● **Task to carry out**
Nothing but the images should be left out when the entries are restated word for word.

Stored dataset items

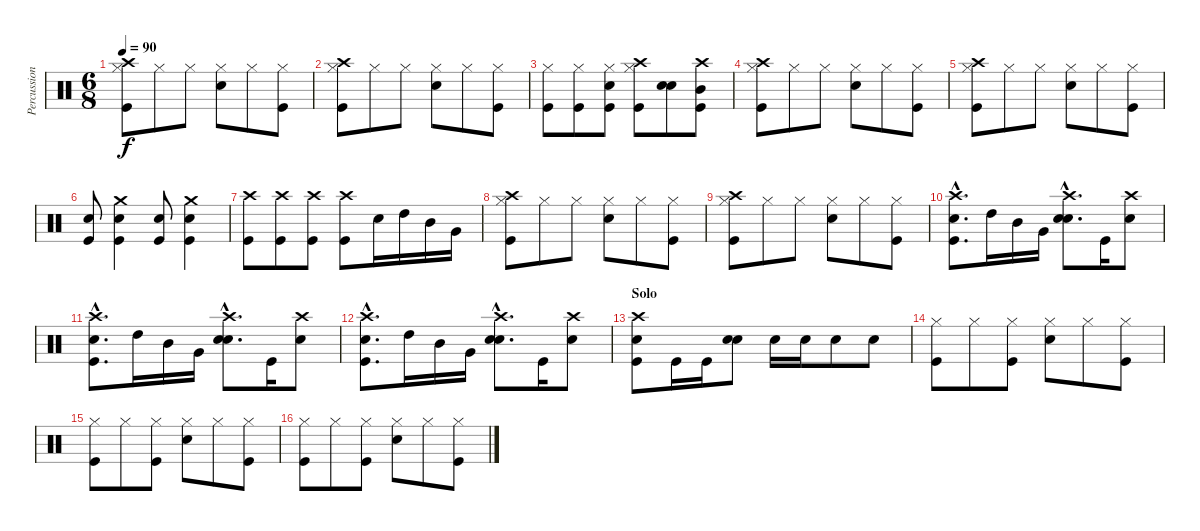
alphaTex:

\track ("Percussioni" "Percussion") {instrument percussion}
\staff {score}
\articulation defaults
\ts (6 8)
\tempo 90
\clef neutral
\ks c
("Crash high (hit)" "Hi-Hat (closed)" "Kick (hit)").8{dy f} "Hi-Hat (closed)".8 "Hi-Hat (closed)".8 ("Hi-Hat (closed)" "Snare (hit) 2").8 "Hi-Hat (closed)".8 ("Hi-Hat (closed)" "Kick (hit)").8 |
("Crash high (hit)" "Hi-Hat (closed)" "Kick (hit)").8 "Hi-Hat (closed)".8 "Hi-Hat (closed)".8 ("Hi-Hat (closed)" "Snare (hit) 2").8 "Hi-Hat (closed)".8 ("Hi-Hat (closed)" "Kick (hit)").8 |
("Hi-Hat (closed)" "Kick (hit)").8 ("Hi-Hat (closed)" "Kick (hit)").8 ("Hi-Hat (closed)" "Snare (hit) 2" "Kick (hit)").8 ("Crash high (hit)" "Hi-Hat (closed)" "Kick (hit)").8 ("Snare (hit) 2" "Snare (hit) 2").8 ("Crash high (hit)" "Mid Tom (hit)" "Kick (hit)").8 |
("Crash high (hit)" "Hi-Hat (closed)" "Kick (hit)").8 "Hi-Hat (closed)".8 "Hi-Hat (closed)".8 ("Hi-Hat (closed)" "Snare (hit) 2").8 "Hi-Hat (closed)".8 ("Hi-Hat (closed)" "Kick (hit)").8 |
("Crash high (hit)" "Hi-Hat (closed)" "Kick (hit)").8 "Hi-Hat (closed)".8 "Hi-Hat (closed)".8 ("Hi-Hat (closed)" "Snare (hit) 2").8 "Hi-Hat (closed)".8 ("Hi-Hat (closed)" "Kick (hit)").8 |
("Snare (hit) 2" "Kick (hit)").8 ("Crash medium (hit)" "Snare (hit) 2" "Kick (hit)").4 ("Snare (hit) 2" "Kick (hit)").8 ("Crash medium (hit)" "Snare (hit) 2" "Kick (hit)").4 |
("Crash high (hit)" "Kick (hit)").8 ("Crash high (hit)" "Kick (hit)").8 ("Crash high (hit)" "Kick (hit)").8 ("Crash high (hit)" "Kick (hit)").8 "Snare (hit) 2".16 "High Tom (hit)".16 "Mid Tom (hit)".16 "Very Low Tom (hit)".16 |
("Crash high (hit)" "Hi-Hat (closed)" "Kick (hit)").8 "Hi-Hat (closed)".8 "Hi-Hat (closed)".8 ("Hi-Hat (closed)" "Snare (hit) 2").8 "Hi-Hat (closed)".8 ("Hi-Hat (closed)" "Kick (hit)").8 |
("Crash high (hit)" "Hi-Hat (closed)" "Kick (hit)").8 "Hi-Hat (closed)".8 "Hi-Hat (closed)".8 ("Hi-Hat (closed)" "Snare (hit) 2").8 "Hi-Hat (closed)".8 ("Hi-Hat (closed)" "Kick (hit)").8 |
("Crash high (hit)"{hac} "Snare (hit) 2"{hac} "Kick (hit)"{hac}).8{d} "High Tom (hit)".16 "Mid Tom (hit)".16 "Very Low Tom (hit)".16 ("Crash high (hit)"{hac} "Snare (hit) 2"{hac} "Snare (hit) 2"{hac}).8{d} "Kick (hit)".16 ("Crash high (hit)" "Snare (hit) 2").8 |
("Crash high (hit)"{hac} "Snare (hit) 2"{hac} "Kick (hit)"{hac}).8{d} "High Tom (hit)".16 "Mid Tom (hit)".16 "Very Low Tom (hit)".16 ("Crash high (hit)"{hac} "Snare (hit) 2"{hac} "Snare (hit) 2"{hac}).8{d} "Kick (hit)".16 ("Crash high (hit)" "Snare (hit) 2").8 |
("Crash high (hit)"{hac} "Snare (hit) 2"{hac} "Kick (hit)"{hac}).8{d} "High Tom (hit)".16 "Mid Tom (hit)".16 "Very Low Tom (hit)".16 ("Crash high (hit)"{hac} "Snare (hit) 2"{hac} "Snare (hit) 2"{hac}).8{d} "Kick (hit)".16 ("Crash high (hit)" "Snare (hit) 2").8 |
\section ("" "Solo")
("Crash high (hit)" "Snare (hit) 2" "Kick (hit)").8 "Kick (hit)".16 "Kick (hit)".16 ("Snare (hit) 2" "Snare (hit) 2").8 "Snare (hit) 2".16 "Snare (hit) 2".16 "Snare (hit) 2".8 "Snare (hit) 2".8 |
("Hi-Hat (closed)" "Kick (hit)").8 "Hi-Hat (closed)".8 ("Hi-Hat (closed)" "Kick (hit)").8 ("Hi-Hat (closed)" "Snare (hit) 2").8 "Hi-Hat (closed)".8 ("Hi-Hat (closed)" "Kick (hit)").8 |
("Hi-Hat (closed)" "Kick (hit)").8 "Hi-Hat (closed)".8 ("Hi-Hat (closed)" "Kick (hit)").8 ("Hi-Hat (closed)" "Snare (hit) 2").8 "Hi-Hat (closed)".8 ("Hi-Hat (closed)" "Kick (hit)").8 |
("Hi-Hat (closed)" "Kick (hit)").8 "Hi-Hat (closed)".8 ("Hi-Hat (closed)" "Kick (hit)").8 ("Hi-Hat (closed)" "Snare (hit) 2").8 "Hi-Hat (closed)".8 ("Hi-Hat (closed)" "Kick (hit)").8

● **Task output**
alphaTex:

\track ("Percussioni" "Percussion") {instrument percussion}
\staff {score}
\articulation defaults
\ts (6 8)
\tempo 90
\clef neutral
\ks c
("Crash high (hit)" "Hi-Hat (closed)" "Kick (hit)").8{dy f} "Hi-Hat (closed)".8 "Hi-Hat (closed)".8 ("Hi-Hat (closed)" "Snare (hit) 2").8 "Hi-Hat (closed)".8 ("Hi-Hat (closed)" "Kick (hit)").8 |
("Crash high (hit)" "Hi-Hat (closed)" "Kick (hit)").8 "Hi-Hat (closed)".8 "Hi-Hat (closed)".8 ("Hi-Hat (closed)" "Snare (hit) 2").8 "Hi-Hat (closed)".8 ("Hi-Hat (closed)" "Kick (hit)").8 |
("Hi-Hat (closed)" "Kick (hit)").8 ("Hi-Hat (closed)" "Kick (hit)").8 ("Hi-Hat (closed)" "Snare (hit) 2" "Kick (hit)").8 ("Crash high (hit)" "Hi-Hat (closed)" "Kick (hit)").8 ("Snare (hit) 2" "Snare (hit) 2").8 ("Crash high (hit)" "Mid Tom (hit)" "Kick (hit)").8 |
("Crash high (hit)" "Hi-Hat (closed)" "Kick (hit)").8 "Hi-Hat (closed)".8 "Hi-Hat (closed)".8 ("Hi-Hat (closed)" "Snare (hit) 2").8 "Hi-Hat (closed)".8 ("Hi-Hat (closed)" "Kick (hit)").8 |
("Crash high (hit)" "Hi-Hat (closed)" "Kick (hit)").8 "Hi-Hat (closed)".8 "Hi-Hat (closed)".8 ("Hi-Hat (closed)" "Snare (hit) 2").8 "Hi-Hat (closed)".8 ("Hi-Hat (closed)" "Kick (hit)").8 |
("Snare (hit) 2" "Kick (hit)").8 ("Crash medium (hit)" "Snare (hit) 2" "Kick (hit)").4 ("Snare (hit) 2" "Kick (hit)").8 ("Crash medium (hit)" "Snare (hit) 2" "Kick (hit)").4 |
("Crash high (hit)" "Kick (hit)").8 ("Crash high (hit)" "Kick (hit)").8 ("Crash high (hit)" "Kick (hit)").8 ("Crash high (hit)" "Kick (hit)").8 "Snare (hit) 2".16 "High Tom (hit)".16 "Mid Tom (hit)".16 "Very Low Tom (hit)".16 |
("Crash high (hit)" "Hi-Hat (closed)" "Kick (hit)").8 "Hi-Hat (closed)".8 "Hi-Hat (closed)".8 ("Hi-Hat (closed)" "Snare (hit) 2").8 "Hi-Hat (closed)".8 ("Hi-Hat (closed)" "Kick (hit)").8 |
("Crash high (hit)" "Hi-Hat (closed)" "Kick (hit)").8 "Hi-Hat (closed)".8 "Hi-Hat (closed)".8 ("Hi-Hat (closed)" "Snare (hit) 2").8 "Hi-Hat (closed)".8 ("Hi-Hat (closed)" "Kick (hit)").8 |
("Crash high (hit)"{hac} "Snare (hit) 2"{hac} "Kick (hit)"{hac}).8{d} "High Tom (hit)".16 "Mid Tom (hit)".16 "Very Low Tom (hit)".16 ("Crash high (hit)"{hac} "Snare (hit) 2"{hac} "Snare (hit) 2"{hac}).8{d} "Kick (hit)".16 ("Crash high (hit)" "Snare (hit) 2").8 |
("Crash high (hit)"{hac} "Snare (hit) 2"{hac} "Kick (hit)"{hac}).8{d} "High Tom (hit)".16 "Mid Tom (hit)".16 "Very Low Tom (hit)".16 ("Crash high (hit)"{hac} "Snare (hit) 2"{hac} "Snare (hit) 2"{hac}).8{d} "Kick (hit)".16 ("Crash high (hit)" "Snare (hit) 2").8 |
("Crash high (hit)"{hac} "Snare (hit) 2"{hac} "Kick (hit)"{hac}).8{d} "High Tom (hit)".16 "Mid Tom (hit)".16 "Very Low Tom (hit)".16 ("Crash high (hit)"{hac} "Snare (hit) 2"{hac} "Snare (hit) 2"{hac}).8{d} "Kick (hit)".16 ("Crash high (hit)" "Snare (hit) 2").8 |
\section ("" "Solo")
("Crash high (hit)" "Snare (hit) 2" "Kick (hit)").8 "Kick (hit)".16 "Kick (hit)".16 ("Snare (hit) 2" "Snare (hit) 2").8 "Snare (hit) 2".16 "Snare (hit) 2".16 "Snare (hit) 2".8 "Snare (hit) 2".8 |
("Hi-Hat (closed)" "Kick (hit)").8 "Hi-Hat (closed)".8 ("Hi-Hat (closed)" "Kick (hit)").8 ("Hi-Hat (closed)" "Snare (hit) 2").8 "Hi-Hat (closed)".8 ("Hi-Hat (closed)" "Kick (hit)").8 |
("Hi-Hat (closed)" "Kick (hit)").8 "Hi-Hat (closed)".8 ("Hi-Hat (closed)" "Kick (hit)").8 ("Hi-Hat (closed)" "Snare (hit) 2").8 "Hi-Hat (closed)".8 ("Hi-Hat (closed)" "Kick (hit)").8 |
("Hi-Hat (closed)" "Kick (hit)").8 "Hi-Hat (closed)".8 ("Hi-Hat (closed)" "Kick (hit)").8 ("Hi-Hat (closed)" "Snare (hit) 2").8 "Hi-Hat (closed)".8 ("Hi-Hat (closed)" "Kick (hit)").8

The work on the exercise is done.